Many of the industries in the formal economy that were directly affected by quarantines and lockdowns—travel, tourism, restaurants, food production—have very high female labor force participation and it is unlikely that these women will be able to go back to work. “In both developed and developing economies, many informal sector jobs—domestic workers, caregivers—are mostly carried out by women who typically lack health insurance and have no social safety net to fall back on,” she warned, adding that women would also need to shoulder a greater burden of care, both for the children now out of school and ailing elderly relatives who ran a larger risk due to Covid-19.
A policy brief by UN Secretary-General Antonio Guterres in April backed what Bhatia had said. It argued that women’s unpaid care work had increased and so, tragically, their vulnerability to gender-based domestic violence - partly because they were confined with their aggressors, with little to no means of escaping or even requesting help.
Reports in early July showed that the situation is just as bad as predicted. WHO Regional Office for the Eastern Mediterranean announced that though it was difficult to obtain accurate data, domestic violence had increased by 60 to 70 percent in the region. Local NGOs working in some of the countries, such as Egypt, Lebanon and the Palestinian territories, already signaled that the helplines they operated were overcome with added requests, either by the victims themselves or someone who wanted to help the victims escape. An NGO in Brazil reported that domestic violence had quadrupled during the lockdown.
In Turkey, the Interior Ministry announced in May that domestic violence had decreased after March 11, when the first case of Covid-19 was announced.
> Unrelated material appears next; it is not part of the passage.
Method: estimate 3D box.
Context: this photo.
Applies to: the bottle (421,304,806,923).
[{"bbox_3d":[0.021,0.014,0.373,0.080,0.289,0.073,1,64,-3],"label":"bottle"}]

The statement said that 48 femicides had taken place between Jan. 1- March 10 and 33 femicides between March 10- May 20. Likewise, cases of domestic violence had decreased from 45,798 to 42,693. On July 2, the Ministry announced that gender-based violence had fallen by 34 percent and femicides by 18 percent in the first half of the year, compared to last year’s figures.
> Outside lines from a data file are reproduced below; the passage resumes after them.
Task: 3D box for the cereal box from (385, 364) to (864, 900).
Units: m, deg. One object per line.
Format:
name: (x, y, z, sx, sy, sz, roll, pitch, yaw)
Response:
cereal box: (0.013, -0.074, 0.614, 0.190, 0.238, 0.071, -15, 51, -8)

This, indeed, is great news. Why, then, am I meeting it with the same skepticism I feel when my husband claims to have carried out 50 percent of the household chores during the lockdown?
Could it be that just days after this positive statement, Numan Kurtulmuş, the vice-chair of the ruling Justice and Development Party (AKP) hinted that Turkey may withdraw from the Istanbul Convention – the main international accord to fight gender-based violence? Could it also be that one of Turkey’s most popular actors was recently charged with beating up his girlfriend and a man, found and took his wife out of a supposedly secret women’s shelter only to shoot her?